Sickness (* is included in classification criteria)

  • Time for:
    • Symptom debut
    • Diagnosis
  • * Subjective symptoms of dryness
    • *Eyes
      • Daily dry eyes for at least 3 months or
      • Repeated feeling of debris in the eyes
      • Do you use artificial fog fluid at least 3 daily
    • *Mouth
      • Daily feeling of dry mouth for at least 3 months
      • Must drink often to swallow dry foods

Other symptoms

* Investigational Findings

  • * Tear production is reduced
    • Schirmers test less than 5mm on at least one of the eyes
    • Staining score (corneal examination by ophthalmologist)
  • * Saliva (saliva) production is reduced
    • Dry mouth and drink for dry food
  • * Antibody (SSA = Sjøgren's Syndrome A) is present
  • * Focus score on salivary gland biopsy (lip) shows at least 1 foci / 4 square millimeter
    • Tongue sticking, sialometry less than 1,5ml / 15min). Vaginal dryness

Other investigations

  • Weight (reference for later)
  • Palpate:
    • Gland glands
    • Submandibularis glands
    • Lymph nodes on the neck
  • Look in the mouth
  • Heart (rhythm, murmur)
  • Lungs (crepitations)
  • Blood pressure
  • Skin (often dry skin, eczema, purpura)
  • Arthritis (Arthritis)
  • Neurological (sensibility, neuralgia, movements)
  • Schirmer's test (can be performed by a nurse at the rheumatological department)
    • Less than 5mm moisture bilaterally (5mm or lower in just one eye is less specific, but sufficient for classification criteria), more than 10mm is normal
  • Sialometry / Unstimulated Saliva Measurement (Can be Performed by Nursing at Rheumatology Department)
    • Do not drink, eat or chew gum last hour before the examination
    • The patient is at ease
    • Measured over 15 min
    • Less than 1,5ml / 15 is pathologically low

Additional investigation that can be considered

Blood tests

  • SSA (Sjøgrens Syndrome A, Ro antibody) in high titer (over 240) at most.
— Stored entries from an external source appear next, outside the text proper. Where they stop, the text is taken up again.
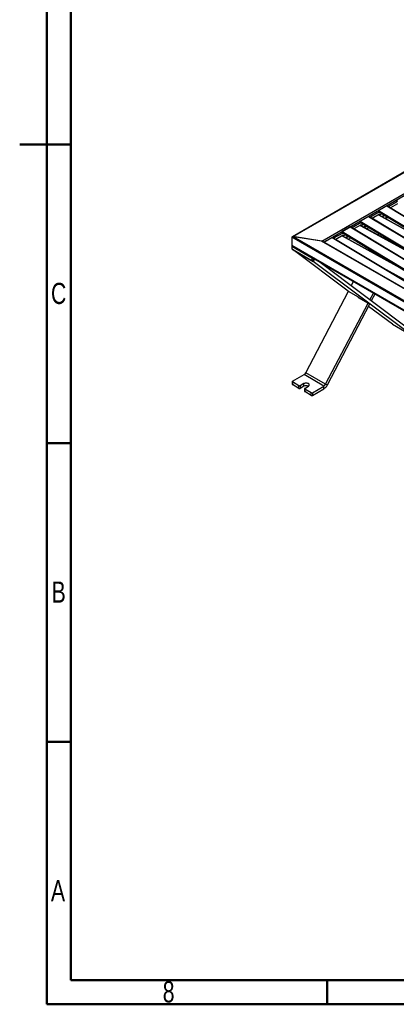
# Model space of a CAD drawing. Header units: millimetres. Extents: x 30 to 8370, y 120 to 5910.
# Tile 1 of 18: x 30 to 1280, y 120 to 3384. Entities that reach past the tile are written whole.
import ezdxf

# ---------------------------------------------------------------- set-up
doc = ezdxf.new("R2010")
doc.units = ezdxf.units.MM
doc.header["$LTSCALE"] = 20
doc.styles.add('SLDTEXTSTYLE1', font='TXT', dxfattribs={"width": 0.75})

msp = doc.modelspace()

# ---------------------------------------------------------------- linework, layer by layer
at = {"color": 7, "linetype": 'Continuous', "lineweight": 50}
for p, q in [((120, 120), (120, 5820)), ((200, 200), (200, 5740)), ((29.98, 2970), (200.02, 2970)), ((200, 2970), (120, 2970)), ((200, 1980), (120, 1980)), ((200, 990), (120, 990)), ((8206.5595702, 200), (200, 200)), ((1050, 200), (1050, 120)), ((8280, 120), (120, 120))]:
    msp.add_line(p, q, dxfattribs=at)
at = {"color": 7, "linetype": 'Continuous', "lineweight": 25}
for p, q in [((1312.8124191, 2882.4192136), (935.4094388, 2664.5491106)), ((937.8927457, 2664.6301794), (1313.6694923, 2881.5614777)), ((1032.7123979, 2649.7015739), (1339.5293974, 2826.8232576)), ((1038.8812967, 2646.7310077), (1340.7415805, 2820.9912403)), ((1249.2891034, 2767.6524885), (1279.4589928, 2785.0691949)), ((1254.0031487, 2764.9311281), (1284.173038, 2782.3478345)), ((1279.4589928, 2785.0691949), (1284.173038, 2782.3478345)), ((1188.9493248, 2732.8190757), (1219.1192141, 2750.2357821)), ((1193.66337, 2730.0977154), (1223.8332593, 2747.5144217)), ((1219.1192141, 2750.2357821), (1223.8332593, 2747.5144217)), ((1220.0620232, 2750.2356937), (1220.0620232, 2749.69151)), ((1220.0620232, 2750.2356937), (1473.1510371, 2597.7367019)), ((1247.8748899, 2766.8360804), (1220.5334277, 2751.0521902)), ((1220.5334277, 2751.0521902), (1494.9326396, 2585.7127213)), ((1223.8332593, 2747.5144217), (1223.8332593, 2744.2482585)), ((1223.8332593, 2745.7858901), (1430.0557346, 2621.5263694)), ((1223.8332593, 2745.5638335), (1425.6608568, 2623.9524501)), ((1223.8332593, 2744.2482585), (1224.948306, 2744.8919613)), ((1247.8748899, 2766.8360804), (1627.994863, 2537.7944806)), ((1628.1930912, 2537.9089152), (1248.2103137, 2766.8678477)), ((1249.2891034, 2767.6524885), (1254.0031487, 2764.9311281)), ((1249.2891034, 2766.217822), (1249.2891034, 2767.6524885)), ((1254.0031487, 2763.3773703), (1254.0031487, 2764.9311281)), ((1284.173038, 2773.6380659), (1260.0683945, 2759.7227514)), ((1128.6095461, 2697.985663), (1158.7794355, 2715.4023693)), ((1133.3235913, 2695.2643026), (1163.4934807, 2712.681009)), ((1158.7794355, 2715.4023693), (1163.4934807, 2712.681009)), ((1159.7222445, 2715.4022809), (1159.7222445, 2714.8580973)), ((1159.7222445, 2715.4022809), (1412.8112584, 2562.9032892)), ((1187.5351112, 2732.0026676), (1160.193649, 2716.2187775)), ((1160.193649, 2716.2187775), (1434.592861, 2550.8793085)), ((1163.4934807, 2712.681009), (1163.4934807, 2709.4148457)), ((1163.4934807, 2710.9524773), (1369.715956, 2586.6929566)), ((1163.4934807, 2710.7304208), (1365.3210781, 2589.1190374)), ((1163.4934807, 2709.4148457), (1164.6085274, 2710.0585485)), ((1187.5351112, 2732.0026676), (1567.6550844, 2502.9610678)), ((1567.8533125, 2503.0755025), (1187.8705351, 2732.0344349)), ((1188.9493248, 2732.8190757), (1193.66337, 2730.0977154)), ((1188.9493248, 2731.3844093), (1188.9493248, 2732.8190757)), ((1193.66337, 2728.5439575), (1193.66337, 2730.0977154)), ((1223.8332593, 2738.8046531), (1199.7286159, 2724.8893386)), ((1220.5963872, 2736.9360466), (1605.8878735, 2524.2456647)), ((1606.2190241, 2524.2798984), (1220.7885724, 2737.0469927)), ((1221.0043725, 2737.1715715), (1223.8332593, 2735.5384898)), ((1232.3304761, 2740.4438287), (1223.8332593, 2735.5384898)), ((1223.8332593, 2735.5384898), (1223.8332593, 2738.8046531)), ((1230.9119509, 2731.4586387), (1239.2520103, 2736.2732525)), ((1232.1100646, 2730.7972504), (1240.3988152, 2735.5822443)), ((1233.8041209, 2729.8620897), (1242.0203241, 2734.6052028)), ((1241.5165743, 2725.6046256), (1249.4024942, 2730.1570702)), ((1246.9410705, 2722.6101702), (1250.5465916, 2729.4676934)), ((1068.2697675, 2663.1522502), (1098.4396568, 2680.5689566)), ((1072.9838127, 2660.4308898), (1103.153702, 2677.8475962)), ((1098.4396568, 2680.5689566), (1103.153702, 2677.8475962)), ((1099.3824658, 2680.5688681), (1099.3824658, 2680.0246845)), ((1099.3824658, 2680.5688681), (1352.4714797, 2528.0698764)), ((1127.1953326, 2697.1692548), (1099.8538704, 2681.3853647)), ((1099.8538704, 2681.3853647), (1374.2530823, 2516.0458958)), ((1103.153702, 2677.8475962), (1103.153702, 2674.581433)), ((1127.1953326, 2697.1692548), (1507.3153057, 2468.127655)), ((1507.5135338, 2468.2420897), (1127.5307564, 2697.2010221)), ((1128.6095461, 2697.985663), (1133.3235913, 2695.2643026)), ((1128.6095461, 2696.5509965), (1128.6095461, 2697.985663)), ((1133.3235913, 2693.7105447), (1133.3235913, 2695.2643026)), ((1163.4934807, 2703.9712403), (1139.3888372, 2690.0559259)), ((1160.2566086, 2702.1026338), (1545.5480948, 2489.4122519)), ((1545.8792455, 2489.4464857), (1160.4487937, 2702.21358)), ((1160.6645938, 2702.3381587), (1163.4934807, 2700.7050771)), ((1171.9906974, 2705.6104159), (1163.4934807, 2700.7050771)), ((1163.4934807, 2700.7050771), (1163.4934807, 2703.9712403)), ((1170.5721722, 2696.6252259), (1178.9122317, 2701.4398398)), ((1171.7702859, 2695.9638377), (1180.0590366, 2700.7488316)), ((1173.4643422, 2695.0286769), (1181.6805455, 2699.7717901)), ((1181.1767956, 2690.7712128), (1189.0627155, 2695.3236575)), ((2630.5043494, 1683.4627814), (933.4480745, 2663.1525156)), ((933.4480745, 2663.1525156), (933.4480745, 2634.8457674)), ((933.4480745, 2662.0637945), (933.4480745, 2635.9344885)), ((1032.7123979, 2649.7015739), (937.8927457, 2664.6301794)), ((2629.0901358, 1688.63372), (938.6335242, 2664.5135496)), ((1031.9716194, 2649.8182036), (938.6335242, 2664.5135496)), ((2603.6342917, 1742.5166554), (1031.9716194, 2649.8182036)), ((2602.6343729, 1743.995572), (1035.637988, 2648.6033299)), ((1066.8555539, 2662.3358421), (1039.5140917, 2646.5519519)), ((1039.5140917, 2646.5519519), (1046.8864645, 2642.1097226)), ((1066.8555539, 2662.3358421), (1446.975527, 2433.2942423)), ((1447.1737552, 2433.4086769), (1067.1909777, 2662.3676094)), ((1068.2697675, 2663.1522502), (1072.9838127, 2660.4308898)), ((1068.2697675, 2661.7175837), (1068.2697675, 2663.1522502)), ((1072.9838127, 2658.8771319), (1072.9838127, 2660.4308898)), ((1103.153702, 2669.1378275), (1079.0490586, 2655.2225131)), ((1099.9168299, 2667.269221), (1485.2083161, 2454.5788391)), ((1485.5394668, 2454.6130729), (1100.1090151, 2667.3801672)), ((1100.3248151, 2667.5047459), (1103.153702, 2665.8716643)), ((1103.153702, 2676.1190645), (1309.3761773, 2551.8595438)), ((1103.153702, 2675.897008), (1304.9812994, 2554.2856246)), ((1103.153702, 2674.581433), (1104.2687487, 2675.2251357)), ((1111.6509188, 2670.7770031), (1103.153702, 2665.8716643)), ((1103.153702, 2665.8716643), (1103.153702, 2669.1378275)), ((1110.2323935, 2661.7918131), (1118.572453, 2666.606427)), ((1111.4305073, 2661.1304249), (1119.7192579, 2665.9154188)), ((1113.1245636, 2660.1952641), (1121.3407668, 2664.9383773)), ((1120.837017, 2655.9378), (1128.7229369, 2660.4902447)), ((1219.1728786, 2669.79644), (1222.1212954, 2675.4041832)), ((2630.5043494, 1655.1560333), (933.4480745, 2634.8457674)), ((934.5703709, 2633.3162132), (933.4480745, 2632.6683253)), ((933.4480745, 2632.6683253), (999.4447074, 2594.5692801)), ((933.4480745, 2632.6683253), (933.4480745, 2623.9585566)), ((933.4480745, 2623.9585566), (999.4447074, 2585.8595114)), ((934.9671556, 2633.0667909), (2630.0900545, 1654.4931708)), ((938.0723712, 2621.289007), (937.6907152, 2620.684486)), ((937.6907152, 2620.684486), (1003.6873481, 2582.5854408)), ((1120.5467429, 2484.0224235), (937.6907152, 2620.684486)), ((1191.4046867, 2616.9827098), (1193.6959992, 2621.340673)), ((999.4447074, 2594.5692801), (1000.5493667, 2595.2069863)), ((999.4447074, 2594.5692801), (999.4447074, 2585.8595114)), ((999.4447074, 2585.8595114), (1008.093065, 2590.8521019)), ((1008.6891425, 2590.5079937), (1003.6873481, 2582.5854408)), ((1333.4773992, 2336.1085313), (1003.6873481, 2582.5854408)), ((1339.1628607, 2345.1139732), (1018.0598773, 2585.0983837)), ((1258.0807396, 2580.1758878), (1259.0269189, 2581.9754741)), ((1263.4820226, 2577.1942466), (1264.3192356, 2578.7865843)), ((1223.7426606, 2568.0372651), (1457.8668539, 2438.794949)), ((1245.0528587, 2555.1967879), (1456.2167825, 2438.6291055)), ((1130.4692076, 2501.0864365), (1138.1810204, 2515.7539238)), ((979.2981809, 2213.566606), (1121.2760092, 2483.601427)), ((1120.5467429, 2484.0224235), (1153.5450594, 2464.9729009)), ((1154.2275066, 2464.4628567), (1153.5308329, 2463.1378179)), ((1153.5308329, 2463.1378179), (1186.5291494, 2444.0882953)), ((1159.2162944, 2460.69667), (1153.5308329, 2463.1378179)), ((1153.5450594, 2464.9729009), (1159.2447472, 2460.7130954)), ((1159.2305208, 2460.7237279), (1159.2162944, 2460.69667)), ((1159.2162944, 2460.69667), (1192.2146108, 2441.6471474)), ((1159.2447472, 2460.7130954), (1159.2295448, 2460.7218716)), ((1192.2288373, 2454.9288202), (1204.1776533, 2477.6548786)), ((1197.9142987, 2452.4876723), (1192.2288373, 2454.9288202)), ((1197.9142987, 2452.4876723), (1209.523898, 2474.5685572)), ((1045.2948138, 2175.4675608), (1186.5291494, 2444.0882953)), ((1050.9802753, 2173.0264129), (1192.2146108, 2441.6471474)), ((1192.2146108, 2441.6471474), (1186.5291494, 2444.0882953)), ((1267.4807663, 2374.2075765), (1187.991834, 2433.6156342)), ((1267.4807663, 2374.2075765), (1333.4773992, 2336.1085313)), ((1268.1858894, 2373.7427513), (1267.4807663, 2374.2075765)), ((1268.1858894, 2373.7427513), (1334.1825223, 2335.6437061)), ((935.2197764, 2185.134211), (973.6127195, 2207.2979853)), ((1039.6093524, 2169.19894), (973.6127195, 2207.2979853)), ((1045.2948138, 2175.4675608), (979.2981809, 2213.566606)), ((934.4387278, 2184.0456668), (934.4387278, 2175.3358982)), ((956.9043844, 2170.438865), (935.2197764, 2182.9571227)), ((935.2197764, 2182.9571227), (935.2197764, 2174.247354)), ((956.9043844, 2161.7290963), (935.2197764, 2174.247354)), ((956.9043844, 2161.7290963), (956.9043844, 2170.438865)), ((972.9321381, 2177.5144019), (960.6756205, 2170.438865)), ((960.6756205, 2170.438865), (960.6756205, 2161.7290963)), ((972.9321381, 2168.8046333), (960.6756205, 2161.7290963)), ((972.9321381, 2168.8046333), (972.9321381, 2177.5144019)), ((974.9795166, 2160.6419676), (974.9795166, 2151.932199)), ((975.7605652, 2161.7305118), (988.0170827, 2168.8060488)), ((997.4451731, 2147.0351658), (975.7605652, 2159.5534235)), ((975.7605652, 2159.5534235), (975.7605652, 2150.8436548)), ((1001.2164093, 2147.0351658), (1039.6093524, 2169.19894)), ((1001.2164093, 2138.3253971), (1039.6093524, 2160.4891714)), ((1039.6093524, 2160.4891714), (1039.6093524, 2169.19894)), ((1045.2948138, 2175.4675608), (1050.9802753, 2173.0264129)), ((997.4451731, 2138.3253971), (975.7605652, 2150.8436548)), ((997.4451731, 2138.3253971), (997.4451731, 2147.0351658)), ((1001.2164093, 2147.0351658), (1001.2164093, 2138.3253971))]:
    msp.add_line(p, q, dxfattribs=at)
at = {"color": 7, "linetype": 'Continuous', "lineweight": 25, "flags": 128}
for points in [[(1039.5140917, 2646.5519519), (1039.4221252, 2646.4884011), (1039.3740599, 2646.4465415)], [(988.0170827, 2168.8060488), (989.5063352, 2169.8841125), (990.5426993, 2171.1264542), (991.0742073, 2172.4707777), (991.0742073, 2173.849673), (990.5426993, 2175.1939965), (989.5063352, 2176.4363382), (988.0170827, 2177.5144019), (986.1496192, 2178.3741291), (983.9975871, 2178.9724093), (981.6688981, 2179.2792424), (979.2803226, 2179.2792424), (976.9516337, 2178.9724093), (974.7996016, 2178.3741291), (972.9321381, 2177.5144019)]]:
    msp.add_lwpolyline(points, dxfattribs=at)
at = {"color": 7, "linetype": 'Continuous', "lineweight": 25}
for centre, radius, start, end in [((1221.0855006, 2750.1891197), 1.0245365, 122.60547834, 177.3945215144), ((1248.0691173, 2766.5720812), 0.3277496, 64.4973031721, 126.3423671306), ((1160.7457219, 2715.355707), 1.0245365, 122.60547834, 177.3945215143), ((1187.7293386, 2731.7386685), 0.3277496, 64.497303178, 126.3423671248), ((1100.4059432, 2680.5222942), 1.0245365, 122.6054783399, 177.3945215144), ((1127.3895599, 2696.9052557), 0.3277496, 64.4973031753, 126.3423671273), ((1067.0497813, 2662.0718429), 0.3277496, 64.4973031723, 126.3423671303), ((965.2556484, 2220.5901986), 15.7010691, 302.1583677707, 333.4273560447), ((935.77328, 2175.4689818), 1.3411714, 185.6947992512, 245.6253417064), ((935.6329151, 2184.0456668), 1.1643075, 110.7834207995, 249.2165792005), ((958.7900024, 2174.0780945), 4.0987251, 242.6096722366, 297.3903277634), ((958.7900024, 2165.3683259), 4.0987251, 242.6096722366, 297.3903277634), ((980.4746742, 2154.37767), 16.2796536, 62.4044341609, 117.6009420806), ((976.1737039, 2160.6419676), 1.1643075, 110.7834207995, 249.2165792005), ((1031.2522813, 2182.4911533), 15.7010691, 302.1583677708, 333.4273560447), ((1022.8952103, 2187.073598), 31.4021382, 302.1583677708, 333.4273560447), ((976.3140688, 2152.0652826), 1.3411714, 185.6947992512, 245.6253417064), ((999.3307912, 2150.6743953), 4.0987251, 242.6096722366, 297.3903277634), ((999.3307912, 2141.9646267), 4.0987251, 242.6096722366, 297.3903277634)]:
    msp.add_arc(centre, radius, start, end, dxfattribs=at)
for centre, major_axis, ratio, start_param, end_param in [((938.6335242, 2662.3361075), (5.1699658, -0.9821154), 0.4077195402, 1.6480946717, 3.2188909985), ((937.8927457, 2661.3640161), (4.3349424, -1.4037699), 0.6992012, 1.7934619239, 3.3642582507), ((1031.9716194, 2647.6407615), (5.1699658, -0.9821154), 0.4077195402, 0.8627777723, 1.6480946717), ((1032.7123979, 2646.4354107), (4.3349424, -1.4037699), 0.6992012, 1.3779689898, 1.7934619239), ((938.6335242, 2634.0293593), (5.1699658, -0.9821154), 0.4077195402, 3.2188909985, 4.0043704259)]:
    msp.add_ellipse(centre, major_axis=major_axis, ratio=ratio, start_param=start_param, end_param=end_param, dxfattribs=at)

# ---------------------------------------------------------------- texts
at = {"color": 7, "linetype": 'Continuous', "lineweight": 0, "char_height": 70, "attachment_point": 2, "style": 'SLDTEXTSTYLE1'}
for s, insert in [('C', (159.2708341, 2511.5208512)), ('B', (159.4652768, 1521.5208512)), ('A', (157.2048621, 531.5208512)), ('8', (524.2951381, 196.5208512))]:
    msp.add_mtext(s, dxfattribs=dict(at, insert=insert))

doc.saveas('drawing.dxf')

SSA also occurs at SLE and Myositis (often lower titer) and in many healthy ones
  • SSB (Sjøgrens syndrome B, La antibody) occurs with SSA at less than 50%
    • Both SSA and SSB dispose of fetal heart block in fetus in the event of pregnancy
  • Sedimentation rate (ESR) often high at high IgG (common)
  • CRP (often low)
  • TSH, f-T4 (concomitant hypothyroidism),
  • Calcium in high values ​​(hyperparathyroid function can cause drowsiness, nausea and pain)
  • ALT, creatinine, p-amylase (pancreatitis component), CK (myositite component), electrophoresis, complement factors C3 and C4.

Urine-stix

  • To exclude nephritis (more typically by SLE) and glucosuria

Radiological

Lymphoma risk at Sjögren's syndrome

Risk factors for Non-Hodgkin's lymphoma include persistently low numbers of lymphocytes (leukocytes) in blood and low complement factors C3 and C4 (reference: Jonsson MW, 2012).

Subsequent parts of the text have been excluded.